So, you should enter your quest of a merger or alliance with a framework that allows you to stay focused and grounded through the search and negotiation process (for more on this, take a look at these Bruce MacEwen articles: Mergers 101 and Mergers: Finance Before Cuilture or Vice Versa?     As Bruce recommends, it’s best to “set up “must-have,” “nice-to-have,” and “dealbreaker” criteria.”  He also suggests considering these elements in evaluating a merger: culture, partner compensation structures, productivity, geographic and industry overlaps, conflicts, back office issues, revenue synergies, personality concerns and likely client reactions.  However, it “should all boil down to whether the combination augurs well for creating a financially stronger, more profitable firm with greater client service capabilities.”

Just like a merger or alliance may not be right for you, not every target will be.  The fact that a firm is available, that it’s the first one you find after a long search or that it’s asking you to merge doesn’t make them right for you.
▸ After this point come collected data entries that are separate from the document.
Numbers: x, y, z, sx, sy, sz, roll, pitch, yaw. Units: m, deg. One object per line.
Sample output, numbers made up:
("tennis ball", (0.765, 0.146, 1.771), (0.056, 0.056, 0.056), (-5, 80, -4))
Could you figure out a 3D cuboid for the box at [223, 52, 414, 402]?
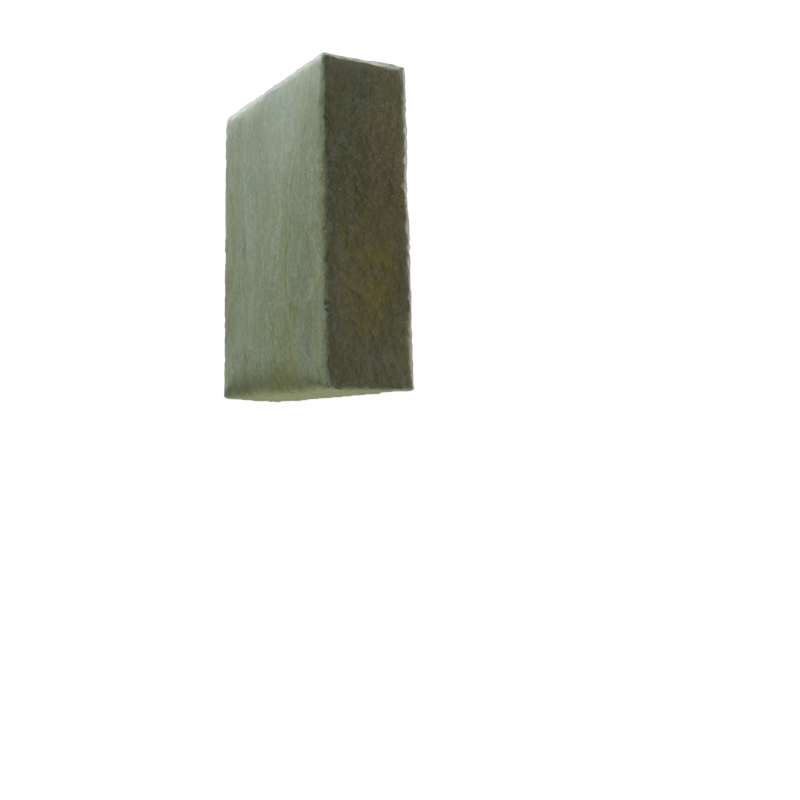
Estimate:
("box", (-0.060, -0.109, 0.764), (0.069, 0.219, 0.167), (5, -9, -30))

Also, don’t underestimate culture.  It’s a difficult and, oftentimes, wrecking factor for merging firms in the same country.  It’s critical when dealing with a cross-border combination.  Your lifestyle will likely change.  You’ll probably change the benefits and burdens of independence and small size for the benefits and burdens of belonging to a global business.  You’ll have a foreign boss, you’ll have to report your financial performance to him/her (in Dollars, Pounds or Euros, at likely unfavorable exchange rates.)  You’ll have to work across time zones.  And you’ll have to treat (as you should) the firm’s Russian client with small, sporadic interests in your country as you treat your top local client.  This isn’t bad or good per se.  You just need to be aware of it and make sure that it’s right for you.

You should also use the framework you come up with to negotiate a solid merger or alliance agreement.  The success of your plan will largely depend on it.  For example, if you’re joining a global player, the way you negotiate your integration into the firm will likely make a huge difference.

  • Fortune favors those who act: implement

Many of the promises of mergers and alliances fail to materialize because of poor implementation.  It’s not enough to have a plan or a good merger agreement.  You must have the leadership and the right systems to ensure that what’s on paper gets done.

Our research shows that one of clients’ main concerns with mergers and alliances is patchy quality.  Therefore, you should focus on ensuring standardized quality across offices and teams of the merged firm.  You should convince your clients that you have the best team in your practice areas and that you work as one firm.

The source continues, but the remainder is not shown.